The distributive property is a cornerstone of algebra that allows us to simplify expressions and solve equations efficiently. It is often represented by the formula: \( a(b + c) = ab + ac \) where \( a \) can be distributed over the addition inside the parentheses to create two terms, \( ab \) and \( ac \).

In the context of our exercise, the distributive property is slightly modified when dealing with exponents. Here, rather than distributing a coefficient over a sum, we distribute the exponent over the terms within the parentheses: \( (xz)^4 \) becomes \( x^4z^4 \) after distributing the power of 4 to both \( x \) and \( z \) individually. This step is crucial as it sets the stage for the multiplication that follows.

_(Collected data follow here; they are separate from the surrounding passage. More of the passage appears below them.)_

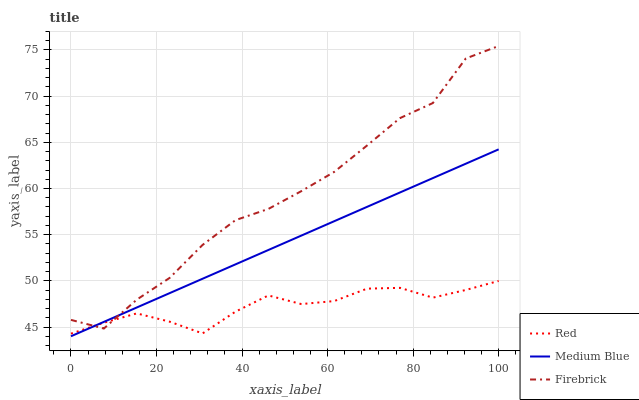Does Red have the minimum area under the curve?
Answer yes or no. Yes. Does Firebrick have the maximum area under the curve?
Answer yes or no. Yes. Does Medium Blue have the minimum area under the curve?
Answer yes or no. No. Does Medium Blue have the maximum area under the curve?
Answer yes or no. No. Is Medium Blue the smoothest?
Answer yes or no. Yes. Is Firebrick the roughest?
Answer yes or no. Yes. Is Red the smoothest?
Answer yes or no. No. Is Red the roughest?
Answer yes or no. No. Does Medium Blue have the lowest value?
Answer yes or no. Yes. Does Red have the lowest value?
Answer yes or no. No. Does Firebrick have the highest value?
Answer yes or no. Yes. Does Medium Blue have the highest value?
Answer yes or no. No. Does Medium Blue intersect Red?
Answer yes or no. Yes. Is Medium Blue less than Red?
Answer yes or no. No. Is Medium Blue greater than Red?
Answer yes or no. No. 
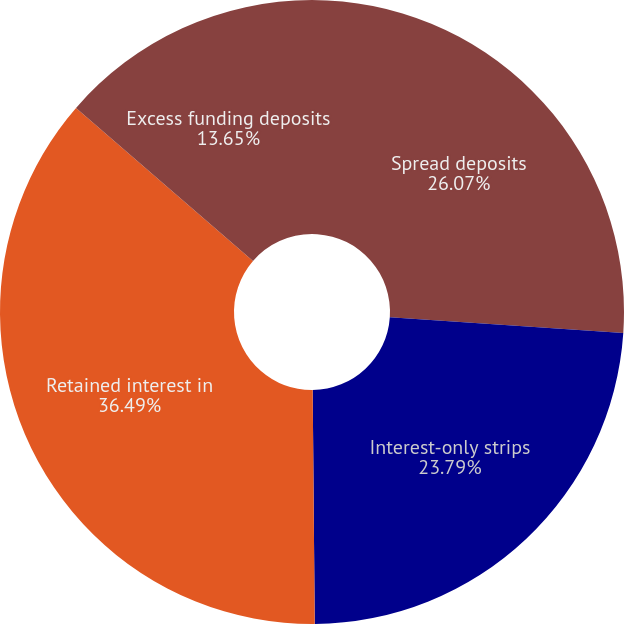<chart> <loc_0><loc_0><loc_500><loc_500><pie_chart><fcel>Spread deposits<fcel>Interest-only strips<fcel>Retained interest in<fcel>Excess funding deposits<nl><fcel>26.07%<fcel>23.79%<fcel>36.49%<fcel>13.65%<nl></chart> 
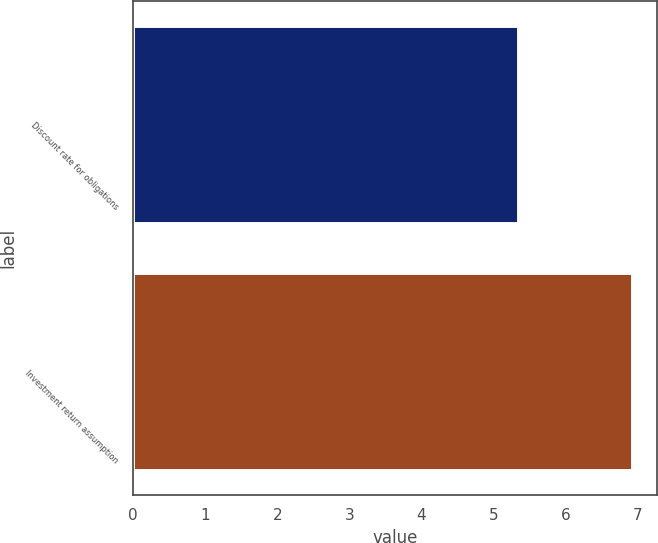Convert chart. <chart><loc_0><loc_0><loc_500><loc_500><bar_chart><fcel>Discount rate for obligations<fcel>Investment return assumption<nl><fcel>5.34<fcel>6.93<nl></chart> 
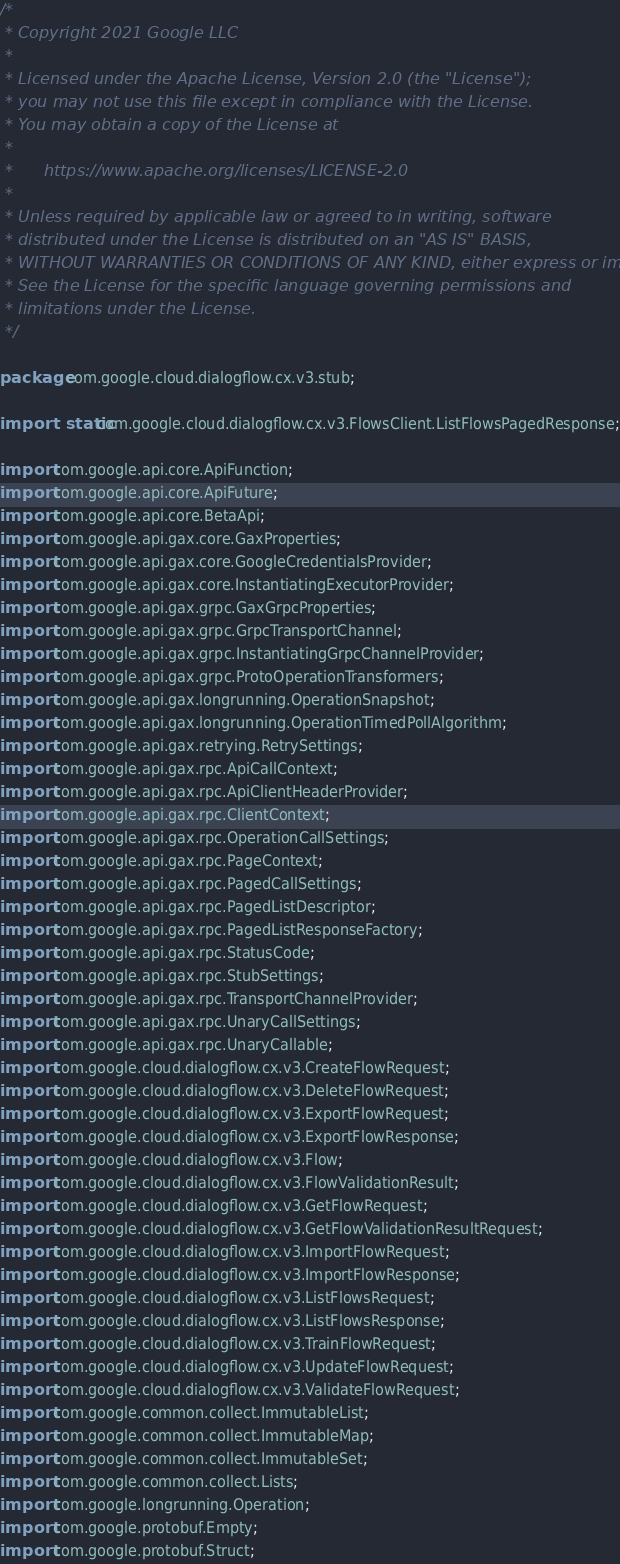Convert code to text. <code><loc_0><loc_0><loc_500><loc_500><_Java_>/*
 * Copyright 2021 Google LLC
 *
 * Licensed under the Apache License, Version 2.0 (the "License");
 * you may not use this file except in compliance with the License.
 * You may obtain a copy of the License at
 *
 *      https://www.apache.org/licenses/LICENSE-2.0
 *
 * Unless required by applicable law or agreed to in writing, software
 * distributed under the License is distributed on an "AS IS" BASIS,
 * WITHOUT WARRANTIES OR CONDITIONS OF ANY KIND, either express or implied.
 * See the License for the specific language governing permissions and
 * limitations under the License.
 */

package com.google.cloud.dialogflow.cx.v3.stub;

import static com.google.cloud.dialogflow.cx.v3.FlowsClient.ListFlowsPagedResponse;

import com.google.api.core.ApiFunction;
import com.google.api.core.ApiFuture;
import com.google.api.core.BetaApi;
import com.google.api.gax.core.GaxProperties;
import com.google.api.gax.core.GoogleCredentialsProvider;
import com.google.api.gax.core.InstantiatingExecutorProvider;
import com.google.api.gax.grpc.GaxGrpcProperties;
import com.google.api.gax.grpc.GrpcTransportChannel;
import com.google.api.gax.grpc.InstantiatingGrpcChannelProvider;
import com.google.api.gax.grpc.ProtoOperationTransformers;
import com.google.api.gax.longrunning.OperationSnapshot;
import com.google.api.gax.longrunning.OperationTimedPollAlgorithm;
import com.google.api.gax.retrying.RetrySettings;
import com.google.api.gax.rpc.ApiCallContext;
import com.google.api.gax.rpc.ApiClientHeaderProvider;
import com.google.api.gax.rpc.ClientContext;
import com.google.api.gax.rpc.OperationCallSettings;
import com.google.api.gax.rpc.PageContext;
import com.google.api.gax.rpc.PagedCallSettings;
import com.google.api.gax.rpc.PagedListDescriptor;
import com.google.api.gax.rpc.PagedListResponseFactory;
import com.google.api.gax.rpc.StatusCode;
import com.google.api.gax.rpc.StubSettings;
import com.google.api.gax.rpc.TransportChannelProvider;
import com.google.api.gax.rpc.UnaryCallSettings;
import com.google.api.gax.rpc.UnaryCallable;
import com.google.cloud.dialogflow.cx.v3.CreateFlowRequest;
import com.google.cloud.dialogflow.cx.v3.DeleteFlowRequest;
import com.google.cloud.dialogflow.cx.v3.ExportFlowRequest;
import com.google.cloud.dialogflow.cx.v3.ExportFlowResponse;
import com.google.cloud.dialogflow.cx.v3.Flow;
import com.google.cloud.dialogflow.cx.v3.FlowValidationResult;
import com.google.cloud.dialogflow.cx.v3.GetFlowRequest;
import com.google.cloud.dialogflow.cx.v3.GetFlowValidationResultRequest;
import com.google.cloud.dialogflow.cx.v3.ImportFlowRequest;
import com.google.cloud.dialogflow.cx.v3.ImportFlowResponse;
import com.google.cloud.dialogflow.cx.v3.ListFlowsRequest;
import com.google.cloud.dialogflow.cx.v3.ListFlowsResponse;
import com.google.cloud.dialogflow.cx.v3.TrainFlowRequest;
import com.google.cloud.dialogflow.cx.v3.UpdateFlowRequest;
import com.google.cloud.dialogflow.cx.v3.ValidateFlowRequest;
import com.google.common.collect.ImmutableList;
import com.google.common.collect.ImmutableMap;
import com.google.common.collect.ImmutableSet;
import com.google.common.collect.Lists;
import com.google.longrunning.Operation;
import com.google.protobuf.Empty;
import com.google.protobuf.Struct;</code>

Understanding exponents, or powers, in algebra is essential for expanding expressions correctly. An exponent indicates how many times a number, known as the base, is multiplied by itself. The rule \( (ab)^n = a^n b^n \) used in our exercise is a powerful exponent rule that simplifies the process of distributing powers over products.

Visualizing Exponents

Imagine having four \( xz \) pairs and multiplying them all together: \( (xz)(xz)(xz)(xz) \). With algebraic shorthand, we write this as \( (xz)^4 \). The exponent rule then allows us to express this as \( x^4z^4 \) without writing out all four pairs. It is one of many exponent laws that make algebra both more efficient and easier to grasp.

In practice, correctly applying exponent rules ensures accuracy when dealing with more complex expressions involving powers.

When expanding expressions, we often encounter the multiplication of polynomials, which involves distributing terms and combining like terms. In our exercise, however, we're looking at a simplified scenario where we only have monomials—single-term expressions.

Once we have distributed the exponent to get \( x^4 \) and \( z^4 \) from \( (xz)^4 \) in our previous steps, we proceed to multiply these monomials by the coefficient 2. We apply the basic multiplication rule of combining the coefficient with the monomials to get the final expanded form, \( 2x^4z^4 \).

In a broader sense, when multiplying polynomials with multiple terms, we would use the FOIL method (First, Outer, Inner, Last) or a similar strategy to expand and simplify the expression. Here, with just one term each, the process is straightforward.